CBD and Obesity

Peer-reviewed studies into the potential effects of Cannabidiol and Obesity

On this page, CBD and Obesity, you will find research pertaining to the use of Cannabidiol and Cannabinoids and its possible effects on Obesity. The information below is not meant to influence your opinion, but rather give you access to a wealth of scientific literature in an attempt to make and educated and informed choice. Click Here to see all of the conditions that have been researched alongside CBD and Obesity.

Cannabidiol promotes browning in 3T3-L1 adipocytes.

From the abstract:

Recruitment of the brown-like phenotype in white adipocytes (browning) and activation of existing brown adipocytes are currently being investigated as a means to combat obesity… current data suggest that CBD plays dual modulatory roles in the form of inducing the brown-like phenotype as well as promoting lipid metabolism. Thus, CBD may be explored as a potentially promising therapeutic agent for the prevention of obesity. 

Cannabinol and cannabidiol exert opposing effects on rat feeding patterns.

From the abstract:

…possible non-∆(9)-tetrahydrocannabinol phytocannabinoid-induced feeding effects have yet to be fully investigated. Therefore, we have assessed the effects of the individual phytocannabinoids, cannabigerol, cannabidiol and cannabinol, upon feeding behaviors… cannabidiol reduced food intake in line with some existing reports, supporting the need for further mechanistic and behavioral work examining possible anti-obesity effects of cannabidiol.
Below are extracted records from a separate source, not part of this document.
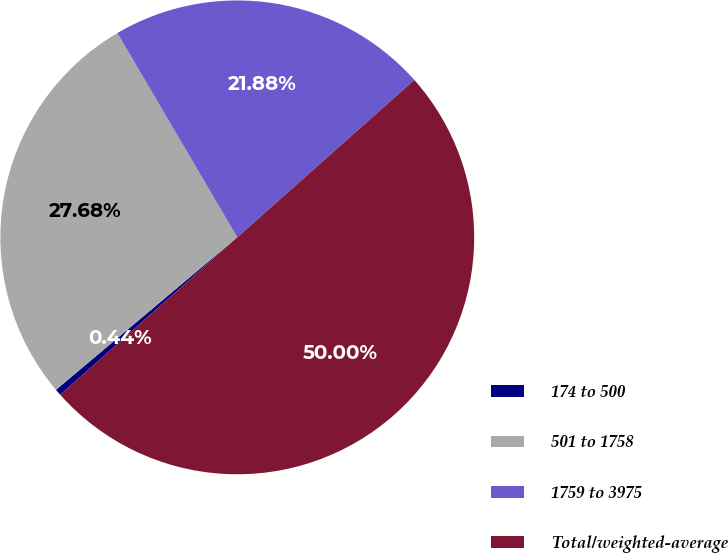Convert chart. <chart><loc_0><loc_0><loc_500><loc_500><pie_chart><fcel>174 to 500<fcel>501 to 1758<fcel>1759 to 3975<fcel>Total/weighted-average<nl><fcel>0.44%<fcel>27.68%<fcel>21.88%<fcel>50.0%<nl></chart> 
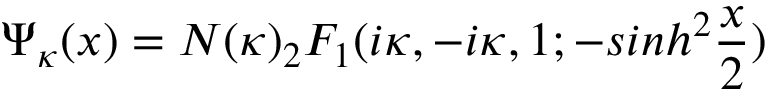Convert formula to latex. <formula><loc_0><loc_0><loc_500><loc_500>\Psi _ { \kappa } ( x ) = N ( \kappa ) _ { 2 } F _ { 1 } ( i \kappa , - i \kappa , 1 ; - \sinh ^ { 2 } \frac { x } { 2 } )</formula> 
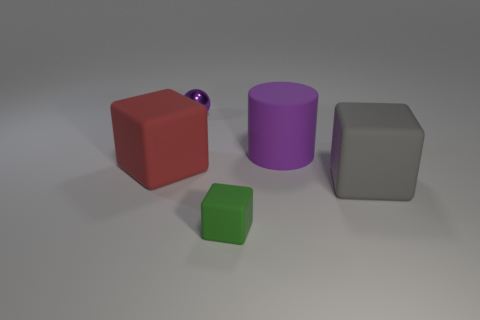Add 3 big cylinders. How many objects exist? 8 Subtract all cubes. How many objects are left? 2 Add 5 big cyan cylinders. How many big cyan cylinders exist? 5 Subtract 1 green cubes. How many objects are left? 4 Subtract all green things. Subtract all gray matte cubes. How many objects are left? 3 Add 1 small green rubber things. How many small green rubber things are left? 2 
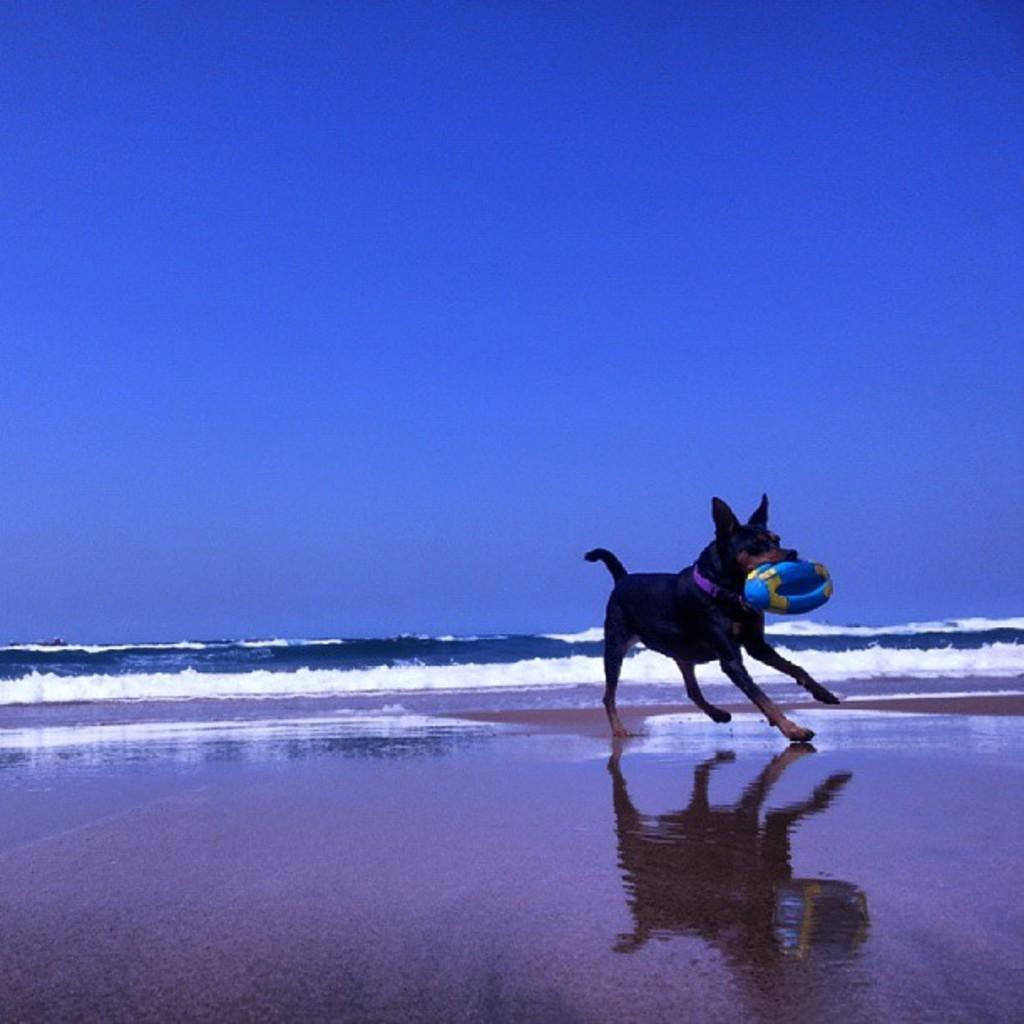Please provide a concise description of this image. In the center of the image we can see ball and dog at the sea shore. In the background we can see water and sky. 
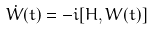<formula> <loc_0><loc_0><loc_500><loc_500>\dot { W } ( t ) = - i [ H , W ( t ) ]</formula>

Cannabis and Δ(9)-tetrahydrocannabinol (THC) for weight loss?

From the abstract:

We recently discovered that the prevalence of obesity is paradoxically much lower in cannabis users as compared to non-users and that this difference is not accounted for by tobacco smoking status and is still present after adjusting for variables such as sex and age. Here, we propose that this effect is directly related to exposure to the Δ(9)-tetrahydrocannabinol (THC) present in cannabis smoke. We therefore propose the seemingly paradoxical hypothesis that THC or a THC/cannabidiol combination drug may produce weight loss and may be a useful therapeutic for the treatment of obesity and its complications.

The endocannabidnoid system in obesity and type 2 diabetes.

From the abstract:

This phenomenon might form the basis of the mechanism of action of CB1 antagonists/inverse agonists, recently developed by several pharmaceutical companies as adjuvants to lifestyle modification for weight reduction, glycaemic control and dyslipidaemia in obese and type 2 diabetes patients. It also helps to explain why some of the beneficial actions of these new therapeutics appear to be partly independent from weight loss.

Role of the endocannabinoid system in abdominal obesity and the implications for cardiovascular risk.

From the abstract:

Recent evidence from animal and human studies has shown a role for the endocannabinoid system in maintaining energy balance and glucose and lipoprotein metabolism, with overactivity linked to aberrant glycemic and lipoprotein control, and a link to adiposity. Modulation of this system through endocannabinoid-receptor blockade has resulted in an improvement in a number of important risk factors in clinical trials, including visceral and subcutaneous abdominal adipose tissue, glucose tolerance, dyslipidemia and measures of inflammation.

Memory-rescuing effects of cannabidiol in an animal model of cognitive impairment relevant to neurodegenerative disorders.

From the abstract:

Although normally well controlled by hormones and neuropeptides, both central and peripheral aspects of endocannabinoid regulation of energy balance can become dysregulated and contribute to obesity, dyslipidemia, and type 2 diabetes, thus raising the possibility that CB(1) antagonists might be used for the treatment of these metabolic disorders. On the other hand, evidence is emerging that some nonpsychotropic plant cannabinoids, such as cannabidiol, can be employed to retard β-cell damage in type 1 diabetes.